The Florida Municipal Power Agency unanimously approved Vero Beach’s exit from the statewide electric co-op on March 21. Now the city needs the Florida Public Service Commission to approve the sale of Vero’s electric utility to Florida Power & Light, so the deal can close as planned on Oct. 1.

The PSC has not yet scheduled a hearing to approve the sale or redraw FPL’s territory to encompass Vero’s 34,000 customers. Vero and FPL officials had been hopeful the matter might get a final hearing before the PSC in late April, but that probably will not happen until May.

The PSC is tasked with making sure the $185 million purchase price, plus all ancillary agreements and considerations, are fair and equitable to FPL’s 4.9 million customers across Florida.

To that end, it has conducted an audit of the proposed transaction, and now it appears PSC attorneys are digging into the side deal FPL made with the Orlando Utilities Commission, agreeing to pay a reported $25 million extra to OUC to avoid a lawsuit over the size of Vero’s exit penalty  from a power-buying agreement.

Once that FPL-OUC side deal was inked, FMPA leadership crisscrossed the state to obtain approvals from governing boards of 19 member cities who are partners with Vero in three power generation projects. Then the full board and executive committee of the FMPA voted on four resolutions – three of which relieved Vero of its virtual ownership rights and responsibilities in the Stanton 1, and Stanton 2 power plants and the St. Lucie nuclear projects, and one that provided for Vero’s general exit from FMPA membership, contingent upon the sale.

Those measures were the obstacles that for many years prevented Vero from getting out of the electric utility business. The final solution was costly – $108 million of the sale proceeds will go to make the remaining FMPA members whole – but necessary to move the sale off center.

Utility activist Glenn Heran said after the FMPA vote, “It was a hurdle most people thought it was impossible to get over and we managed to do that. This is why people don’t take on mammoth issues like this – because it took nearly a decade of pounding away at this deal from every financial, legal, political and regulatory angle to get it to this juncture.”
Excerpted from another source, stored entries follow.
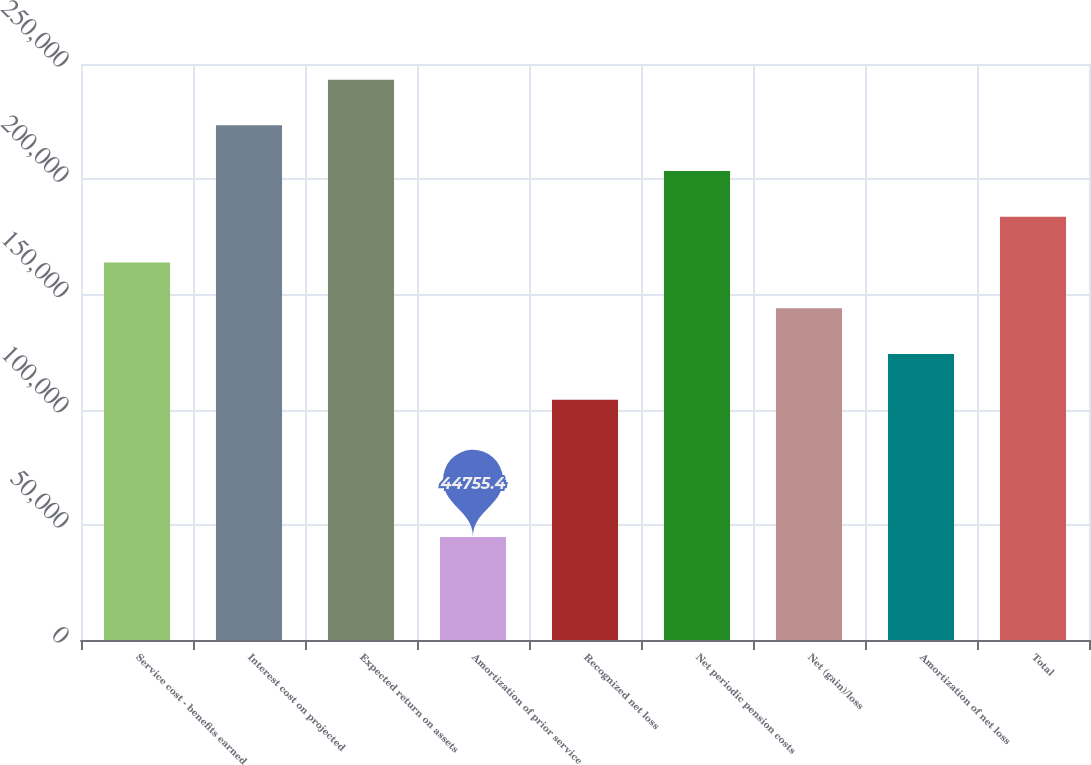Convert chart. <chart><loc_0><loc_0><loc_500><loc_500><bar_chart><fcel>Service cost - benefits earned<fcel>Interest cost on projected<fcel>Expected return on assets<fcel>Amortization of prior service<fcel>Recognized net loss<fcel>Net periodic pension costs<fcel>Net (gain)/loss<fcel>Amortization of net loss<fcel>Total<nl><fcel>163830<fcel>223367<fcel>243212<fcel>44755.4<fcel>104292<fcel>203521<fcel>143984<fcel>124138<fcel>183675<nl></chart> 
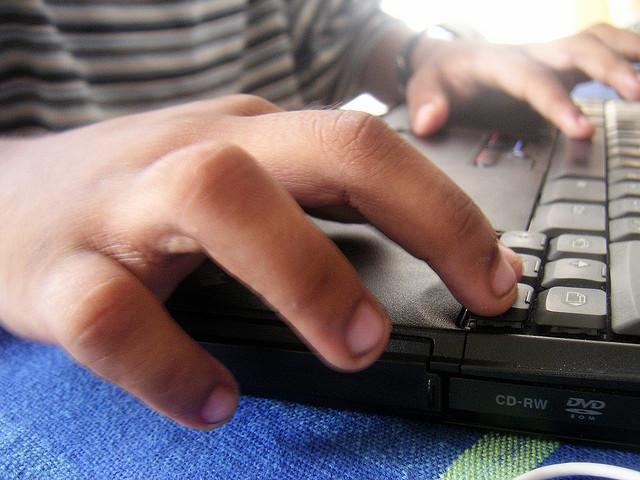How many black cups are there?
Give a very brief answer. 0. 
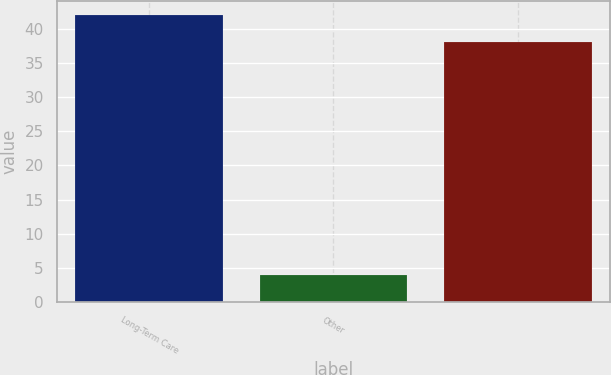<chart> <loc_0><loc_0><loc_500><loc_500><bar_chart><fcel>Long-Term Care<fcel>Other<fcel>Unnamed: 2<nl><fcel>42<fcel>4<fcel>38<nl></chart> 
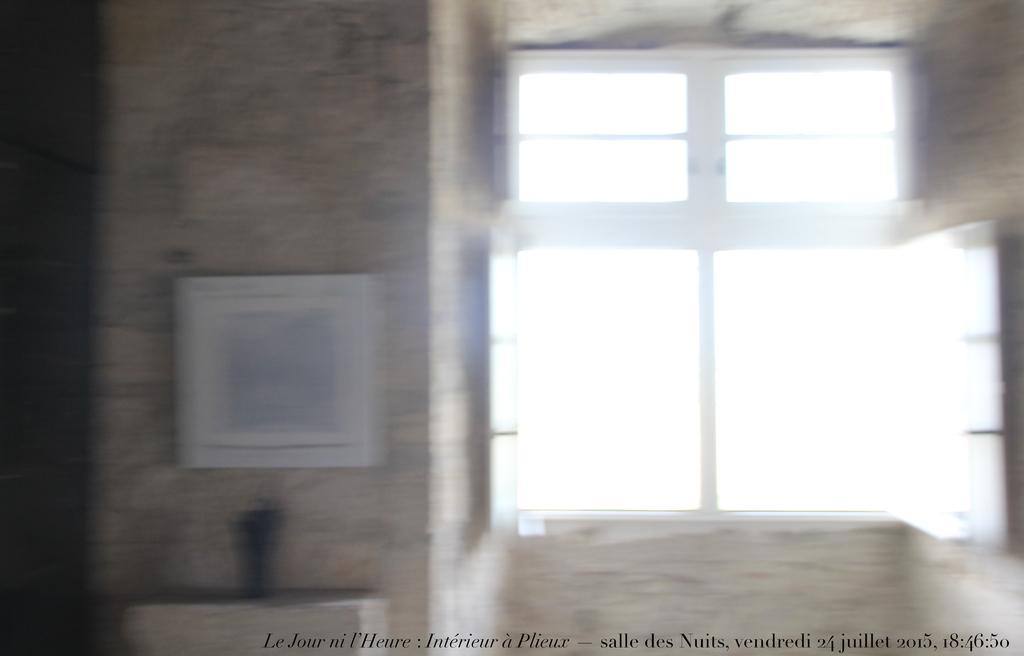What architectural feature is visible in the image? There is a window in the image. Where is the window located in relation to other objects? The window is near a pillar. What type of decorative items can be seen in the image? There are photo frames in the image. Where are the photo frames located in relation to other objects? The photo frames are near a table. What book is the person reading in the image? There is no person or book visible in the image. What part of the spy's mission is depicted in the image? There is no spy or mission depicted in the image. 
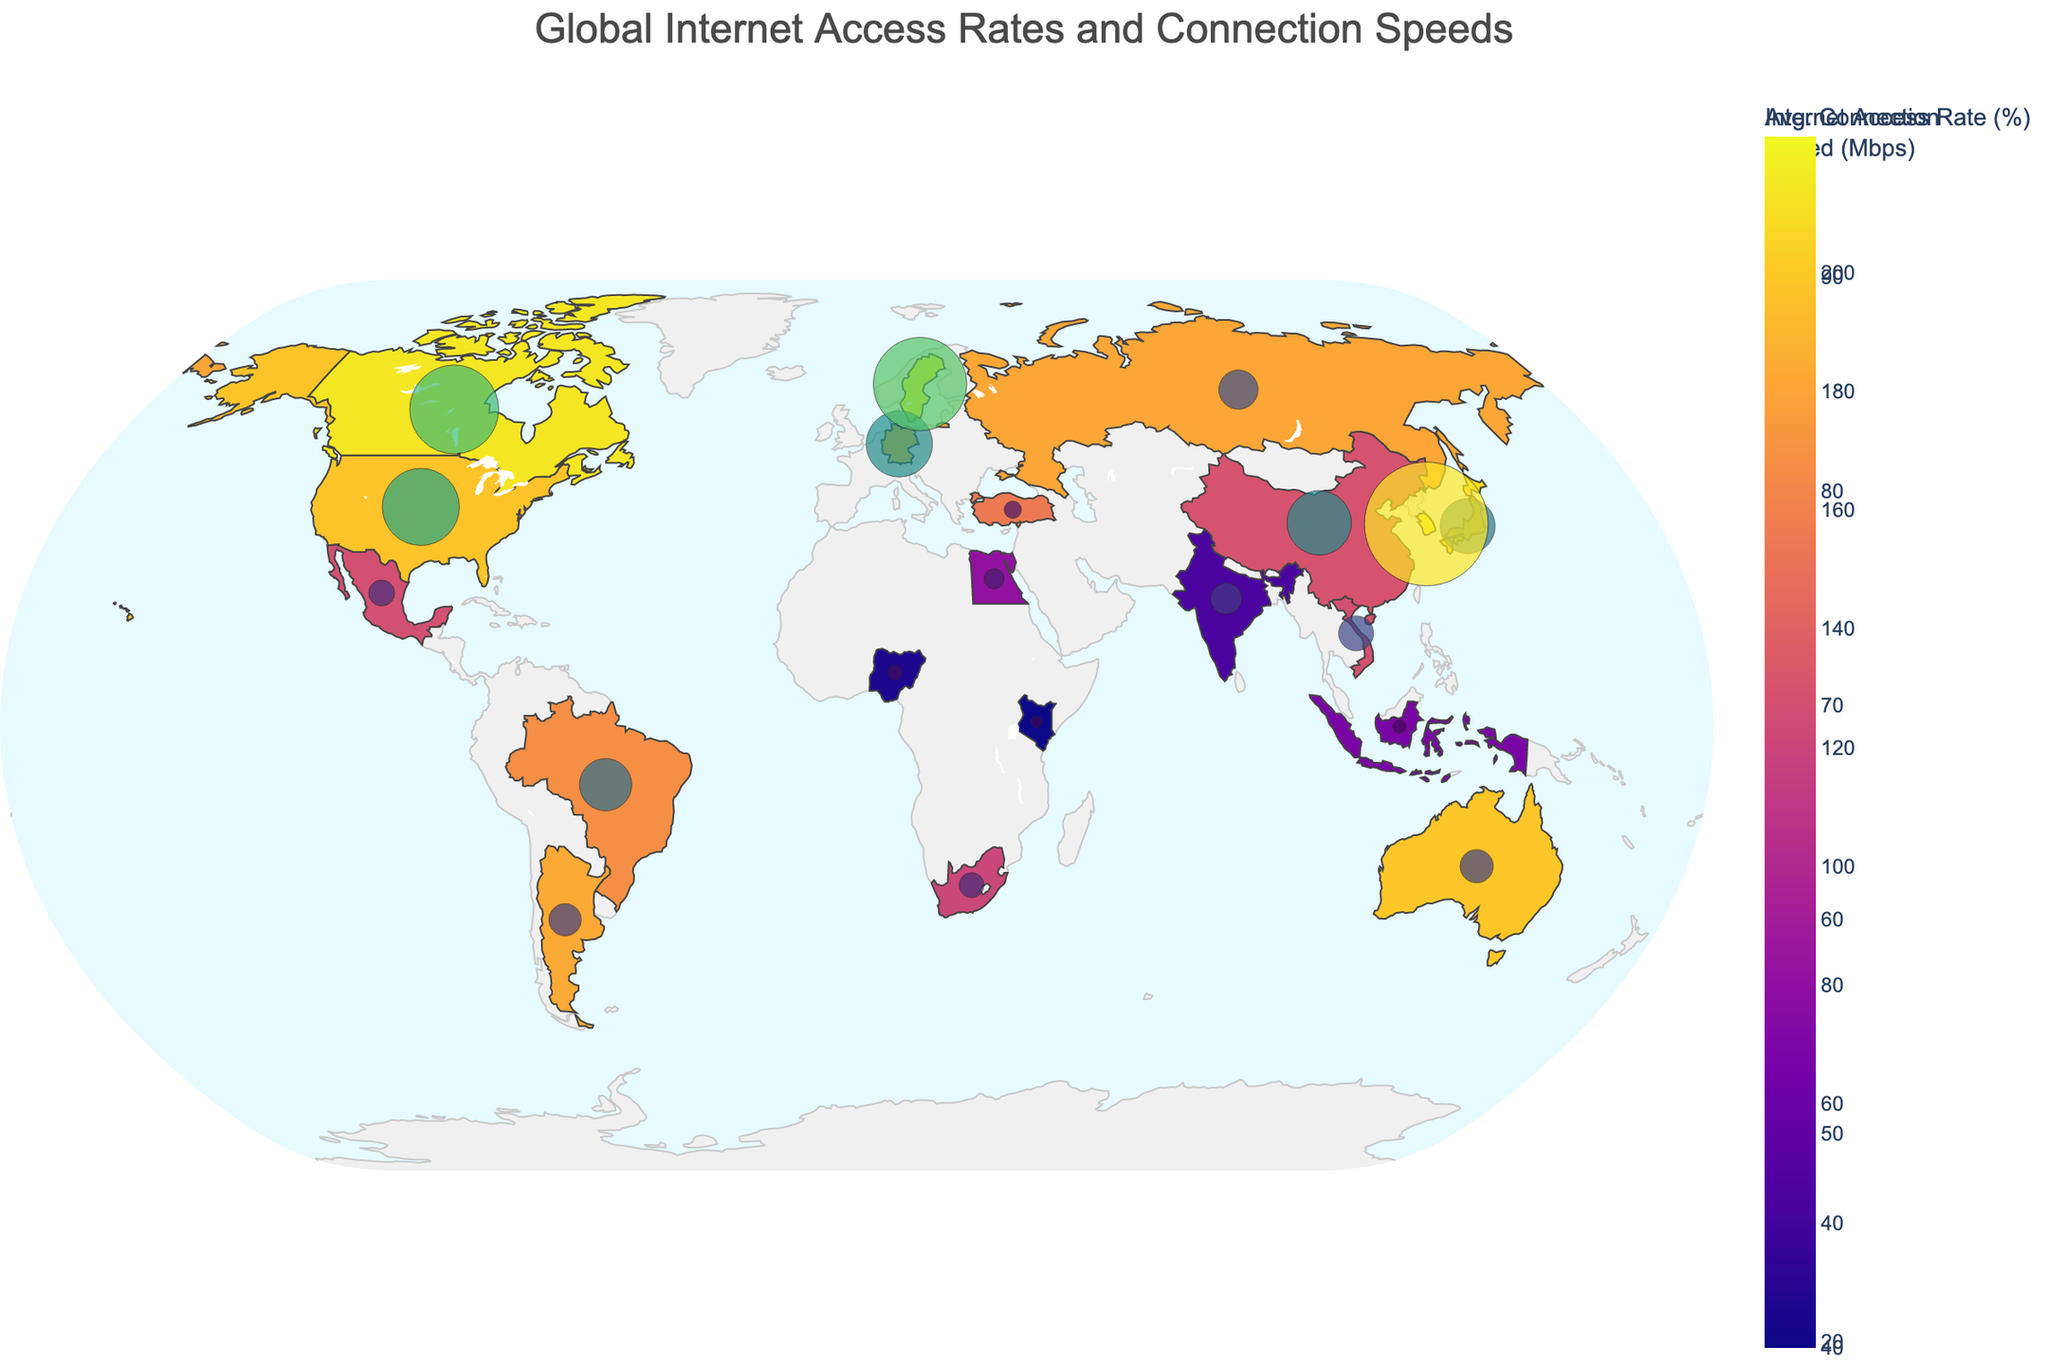Which country has the highest internet access rate? Looking at the figure, Sweden has the highest internet access rate, shown in the darkest shade on the map.
Answer: Sweden What is the relationship between internet access rate and average connection speed in South Korea? South Korea shows a very high internet access rate (96.2%) and the highest average connection speed (217.5 Mbps), indicating a strong relationship between high access rates and connection speeds in this country.
Answer: High access, high speed What is the average internet access rate among all the countries shown? To find the average, sum up all the internet access rates (89.4 + 70.6 + 47.0 + 81.3 + 42.0 + 89.8 + 53.7 + 92.7 + 85.0 + 68.2 + 96.5 + 40.0 + 89.6 + 70.1 + 57.3 + 96.2 + 94.0 + 70.3 + 77.7 + 85.5) and divide by the number of countries (20). The total is 1507.8, so the average is 1507.8 / 20 = 75.39%.
Answer: 75.39% How does Nigeria's average connection speed compare to the average global connection speed shown in the figure? To determine the average global connection speed, sum all the connection speeds (135.5 + 113.3 + 54.7 + 91.8 + 24.6 + 116.4 + 23.3 + 96.6 + 68.8 + 43.7 + 164.2 + 18.9 + 58.3 + 45.6 + 35.2 + 217.5 + 156.3 + 61.4 + 30.5 + 56.7). The total is 1613.2, divided by 20, giving an average of 80.66 Mbps. Nigeria's speed (24.6 Mbps) is much lower than this average.
Answer: Lower Which country has a high internet access rate but a relatively low average connection speed? Argentina has a high internet access rate of 85.5%, but a relatively low average connection speed of 56.7 Mbps, as shown by the discrepancy between the dark shade for access rate and the moderate bubble size for speed.
Answer: Argentina How many countries have an internet access rate above 80%? By counting the countries with access rates above 80% (United States, Germany, Japan, Brazil, Sweden, South Korea, Canada, Argentina, Russia), there are 9 such countries.
Answer: 9 Which regions or continents generally show lower internet access rates? Africa (Nigeria, Kenya, South Africa) and parts of Asia (India, Indonesia) generally show lower internet access rates, indicated by lighter shades on the map.
Answer: Africa, parts of Asia In which country is the discrepancy between internet access rate and average connection speed the most notable? South Korea has one of the highest discrepancies with near-maximum internet access rates (96.2%) and the highest connection speed (217.5 Mbps), far exceeding other countries.
Answer: South Korea Which countries have an internet access rate below 50%? The countries with internet access rates below 50% are India (47.0%), Nigeria (42.0%), and Kenya (40.0%).
Answer: India, Nigeria, Kenya Which country in the figure has the slowest average connection speed? How does its access rate compare? Kenya has the slowest average connection speed at 18.9 Mbps. Its internet access rate is also low at 40.0%, correlating low speed with low access.
Answer: Kenya, low 
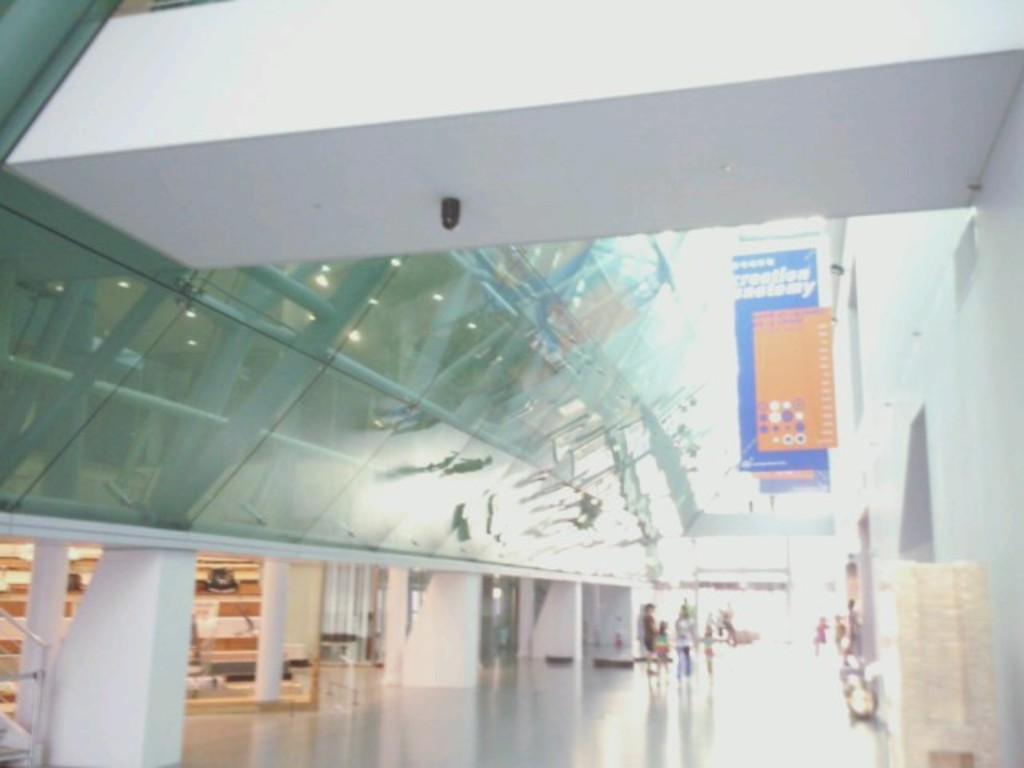Describe this image in one or two sentences. This picture shows the inner view of a building. There are some people walking, one glass wall, some objects attached to the ceiling, some banners with text, some objects attached to the wall, some pillars and some objects on the floor. 
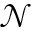<formula> <loc_0><loc_0><loc_500><loc_500>\mathcal { N }</formula> 
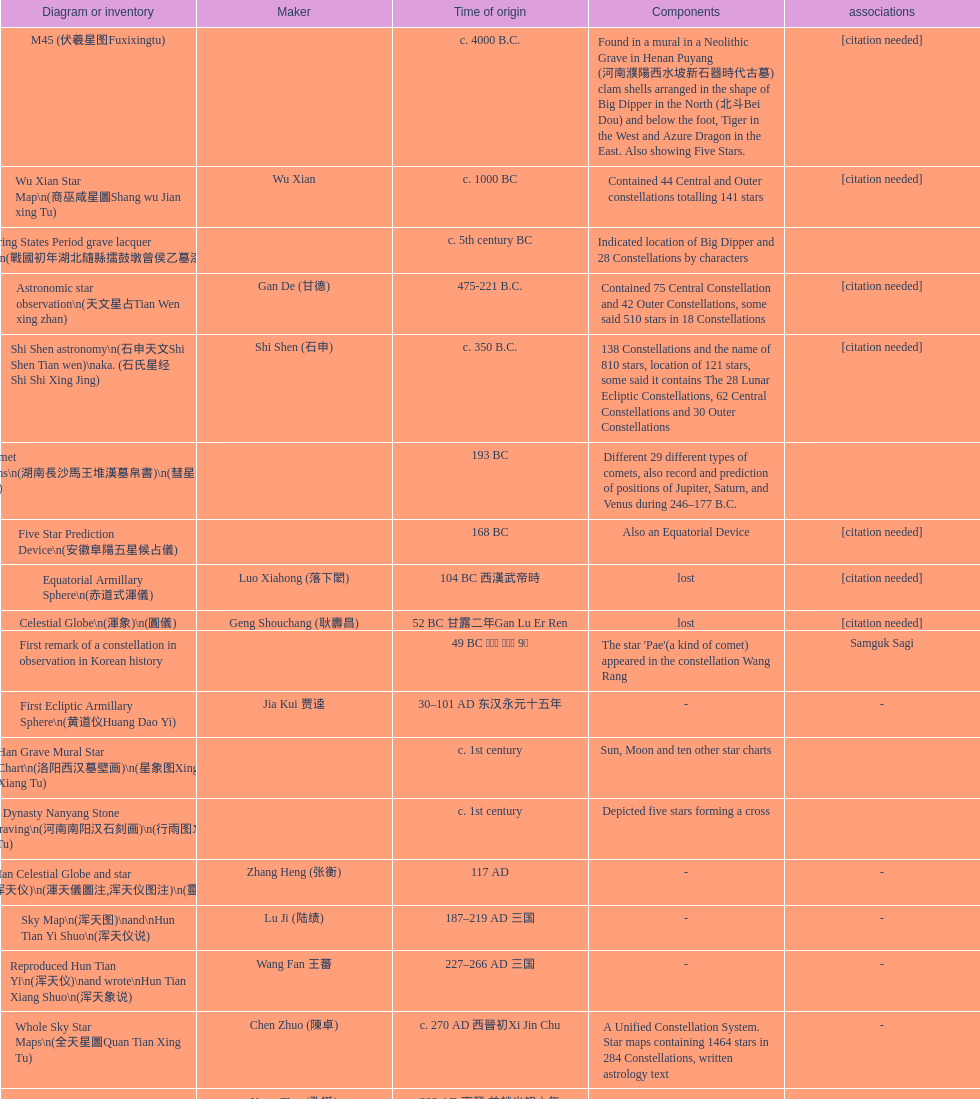Name three items created not long after the equatorial armillary sphere. Celestial Globe (渾象) (圓儀), First remark of a constellation in observation in Korean history, First Ecliptic Armillary Sphere (黄道仪Huang Dao Yi).

Now, as all eyes are on the PSC process, a new player has come into the picture in the form of the Florida Office of Public Counsel (OPC), which on March 13 filed paperwork to intervene in FPL’s petition for the PSC to approve the sale.

The OPC is the public’s legal representation, and City Manager Jim O’Connor said he fully expected them to jump in as official intervenors to examine the deal at some point. “To my knowledge, the Office of Public Counsel intervenes in about 90 percent of the matters before the PSC that involve FPL,” O’Connor said.

FPL Spokesperson Sarah Gatewood echoed O’Connor’s assessment that the OPC intervention coming was no late-in-the-game surprise. “It’s not unusual for the OPC to intervene at any stage of the process, and at this time we don’t expect their intervention to delay the Oct. 1 closing,” Gatewood said.

The City Council will have a complete status update on the sale, with representatives from FPL and the FMPA present, at 9:30 a.m. on April 17.